When vessels are stressed, endothelin-1 (a vasoconstrictor protein produced by vascular endothelial cells) is elevated and nitric oxide (a blood vessel dilator) decreases, leading to vasoconstriction acute and chronic effects of cocaine on cardiovascular health pmc 35,36. There is also evidence that the cardiovascular actions of cocaine are mediated in part by dopamine , via central and peripheral mechanisms . However, the accelerated development of vascular disease remains mostly undetected and asymptomatic presentation of vascular pathology in CUD results in silent disease progression. Cocaine-induced damage to the cardiovascular and cerebrovascular systems is widely reported, and is linked with hypertension, tachycardia, ventricular arrhythmias ,myocardial infarction 3,4, stroke 4,5, resulting in severe functional impairments or sudden mortality 6–10.

Other Word Forms

Acute is also frequently used to describe less troublesome matters, such as keenness of perception (“an acute observer” or “an acute sense of smell”), a type of angle (one measuring less than 90 degrees), or the demand for urgent attention (“acute danger”). It retains this meaning today, but can also refer to the severity of more general matters, such as “acute embarrassment” or “an acute shortage.” For such a short and simple-looking word, acute has a rather bewildering range of meanings.

We present the main mechanisms of acute and chronic cocaine-induced toxicity on vessels, brain and heart (Fig. 1) and the common vascular and systemic effects of cocaine use in humans (Fig. 2). Findings consist of the major mechanisms of cocaine-induced vasoconstriction, endothelial dysfunction, and accelerated atherosclerosis, emphasizing acute, chronic, and secondary effects of cocaine. Furthermore, chronic cocaine-use reduces capillary flows in brain and may be responsible for cerebrovascular small-vessel ischemic disease (e.g. cocaine-induced leukoaraiosis), possibly involving genetic factors 65,66.

Thus, cocaine induces microischemia in various types of vessels and arteriolar branches that is exacerbated with repeated use and is likely to be a contributor to its neurotoxic effects . Additional findings point to reduced arterial caliber, focal narrowing in the anterior (and middle cerebral arteries) and posterior cerebral circulation as well as communicating arteries . Carotid artery dissection might also be caused by cocaine mediated apoptosis of vascular cells leading to ischemic stroke, although the mechanism is not fully understood .

Cocaine’s chronic effects on the vessel (Fig. 1, upper box) 10,23,24 consist of repeated endothelial damage leading to premature and severe atherosclerosis in various organs 10,19. Sympathomimetic effects generate a rise of heart rate, blood pressure and myocardial contractility, which enhance myocardial oxygen demand, whereas myocardial oxygen supply is decreased by coronary vasoconstriction and enhanced thrombosis. This cascade reduces blood flow following cocaine use and can lead to acute organ damage. Additional mechanisms implicated in cocaine induced vasoconstriction include increases in calcium .

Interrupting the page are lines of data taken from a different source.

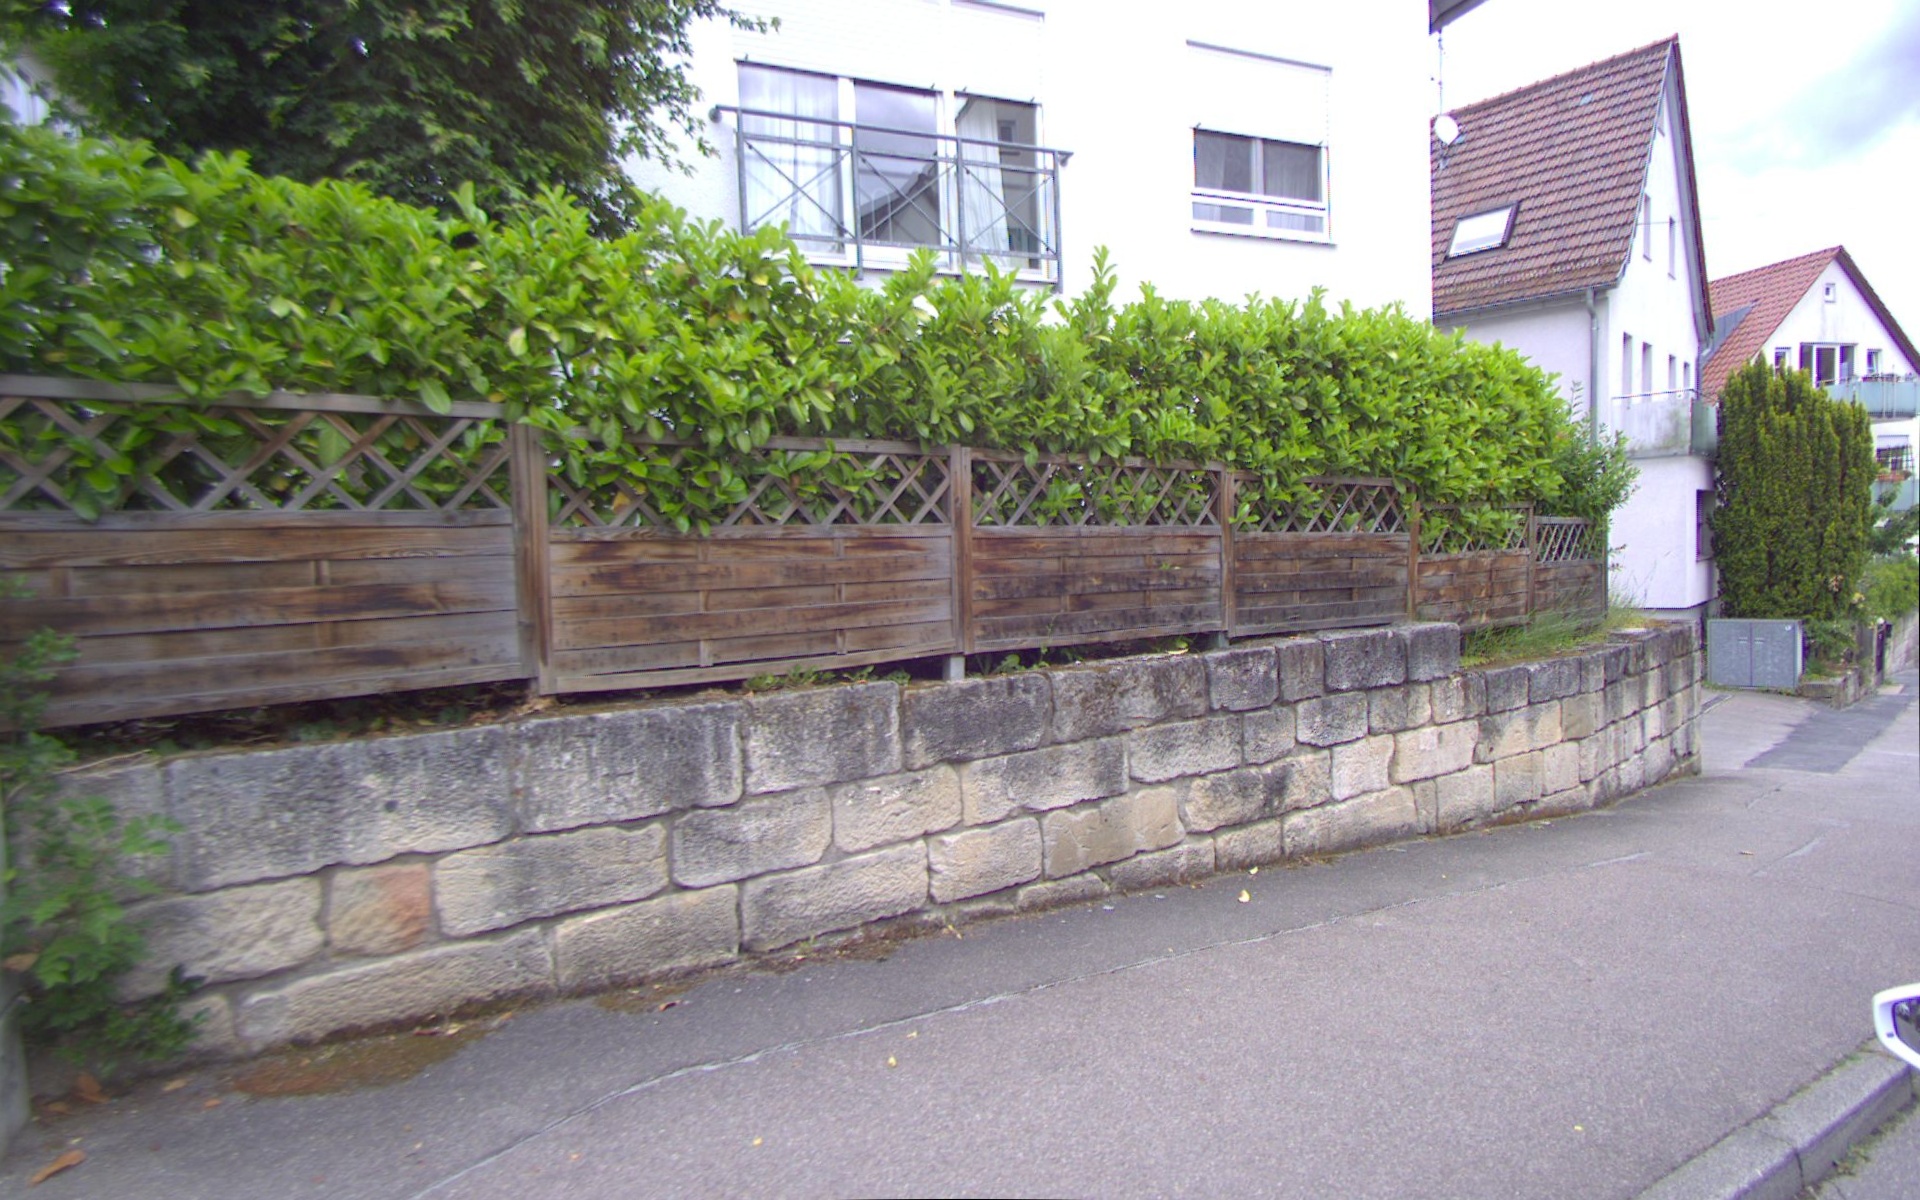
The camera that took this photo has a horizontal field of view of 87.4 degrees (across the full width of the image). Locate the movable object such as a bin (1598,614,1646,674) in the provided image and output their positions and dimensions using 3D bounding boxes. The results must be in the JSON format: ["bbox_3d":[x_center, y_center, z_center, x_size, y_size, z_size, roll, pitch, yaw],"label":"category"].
[{"bbox_3d":[11.570,0.764,17.561,0.428,0.915,0.507,-7,13,-42],"label":"movable object such as a bin"}]
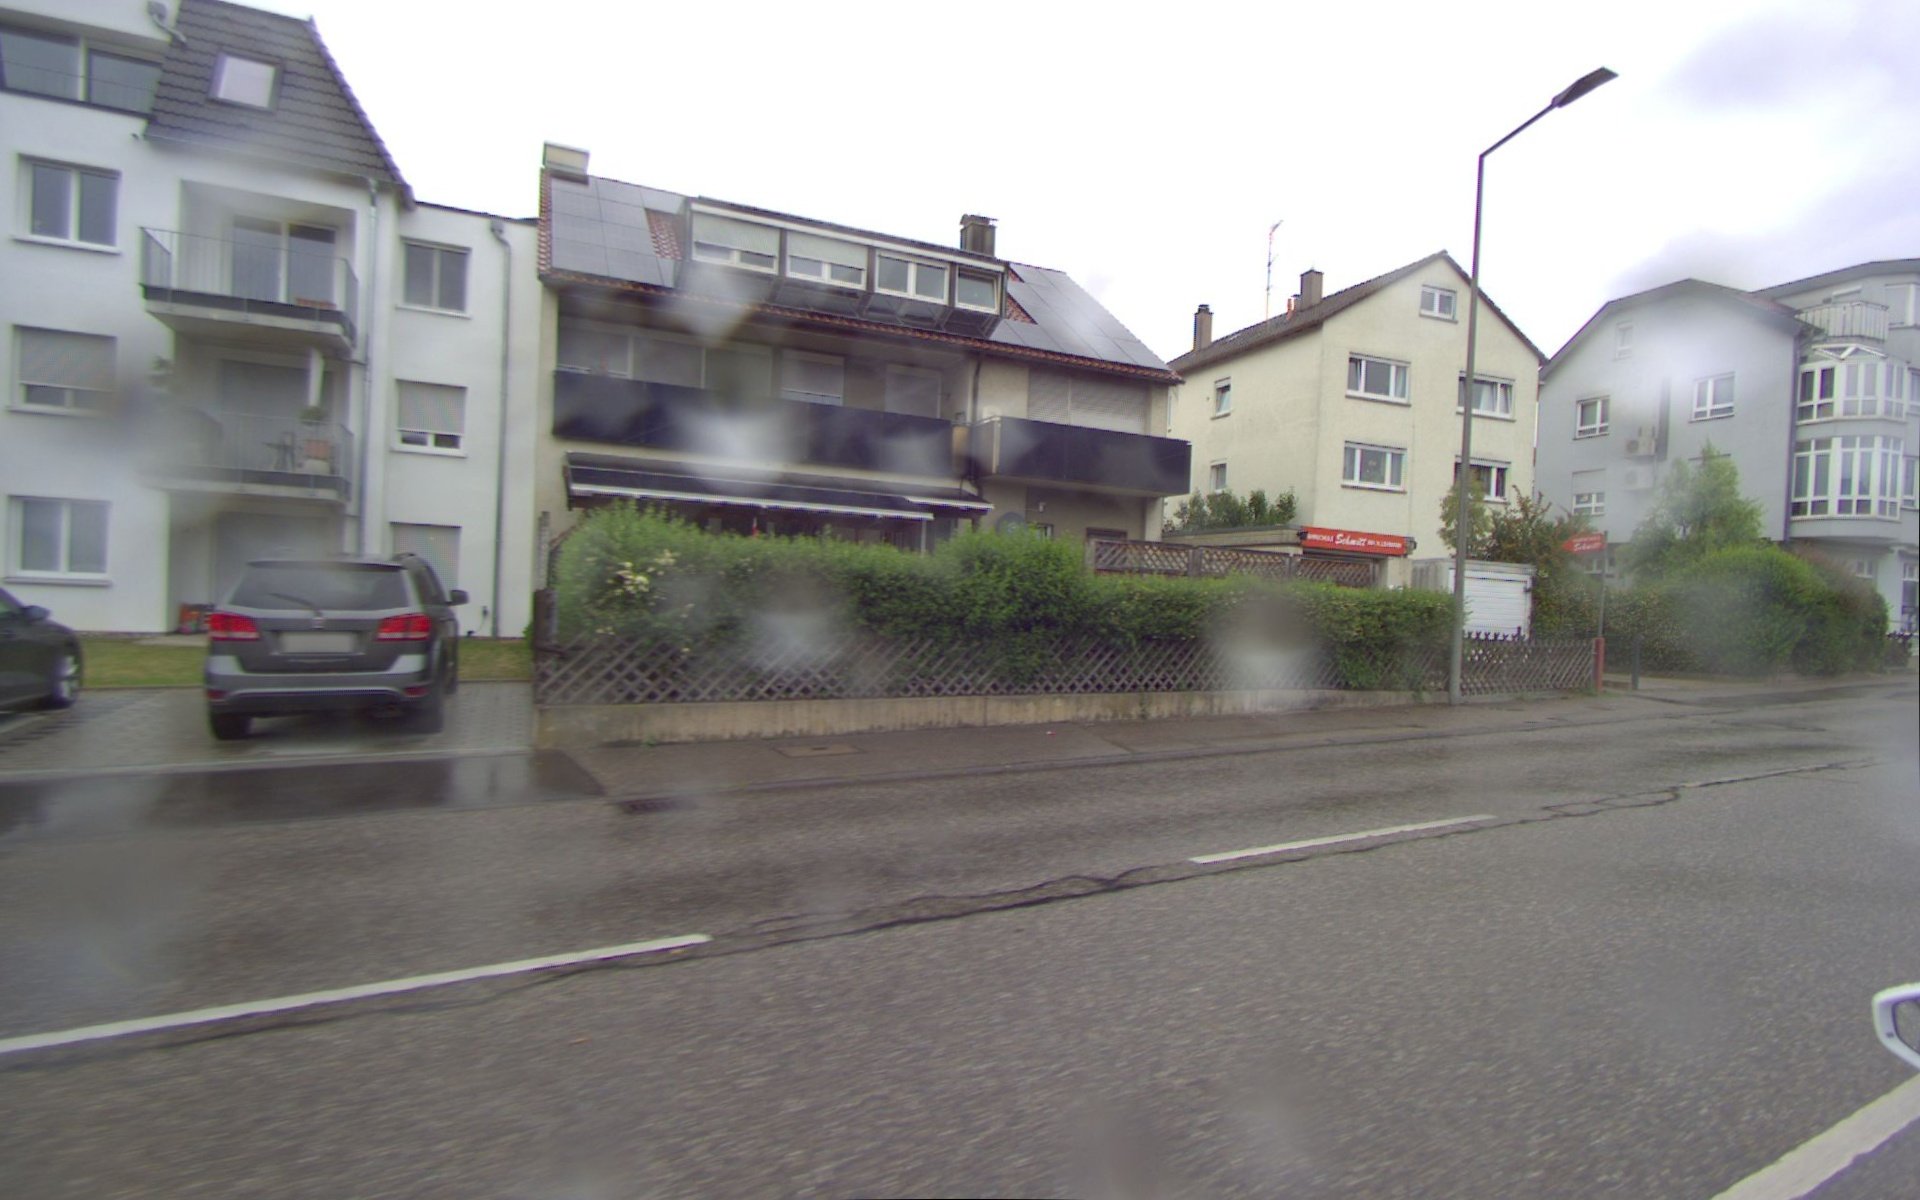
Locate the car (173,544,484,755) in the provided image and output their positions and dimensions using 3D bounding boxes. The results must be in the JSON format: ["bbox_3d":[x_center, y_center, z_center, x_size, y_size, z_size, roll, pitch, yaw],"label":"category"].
[{"bbox_3d":[-6.186,0.337,10.430,1.971,1.683,4.447,1,2,-22],"label":"car"}]

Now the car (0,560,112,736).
[{"bbox_3d":[-9.158,0.386,8.637,1.788,1.461,4.014,1,2,-24],"label":"car"}]

Atherosclerosis of the carotid arteries is of particular relevance to CUD because these arteries supply blood to the brain regions that are implicated in the cognitive impairments documented in CUD 39–41. Such an examination in a rat cortical brain identified a 2.9 ± 0.5 min lag time between the peak neuronal and vascular responses to cocaine . Furthermore, vasoconstriction at presynaptic nerve terminals increases the release of calcium from the sarcoplasmic reticulum in cerebral vascular smooth muscle cells 32,33.